Data below
* * *

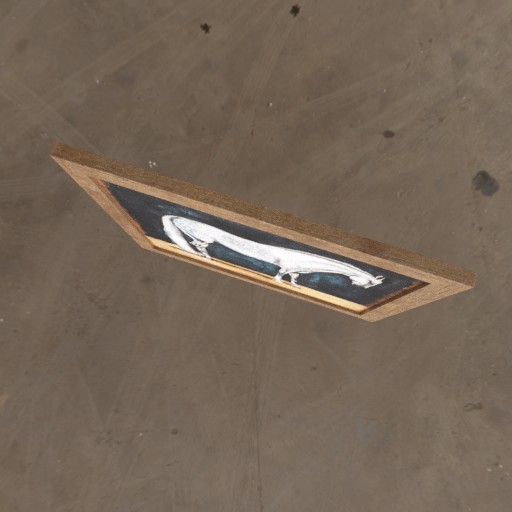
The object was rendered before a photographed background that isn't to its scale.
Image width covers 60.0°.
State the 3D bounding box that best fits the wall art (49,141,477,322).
[{"bbox_3d":[0.000,0.000,0.973,0.690,0.588,0.026,18,77,4],"label":"wall art"}]

* * *

Work order
Extract exactly the lines between the line containing "Image width covers 60.0°." and the end of the data, including both.

Result of the exercise
Image width covers 60.0°.
State the 3D bounding box that best fits the wall art (49,141,477,322).
[{"bbox_3d":[0.000,0.000,0.973,0.690,0.588,0.026,18,77,4],"label":"wall art"}]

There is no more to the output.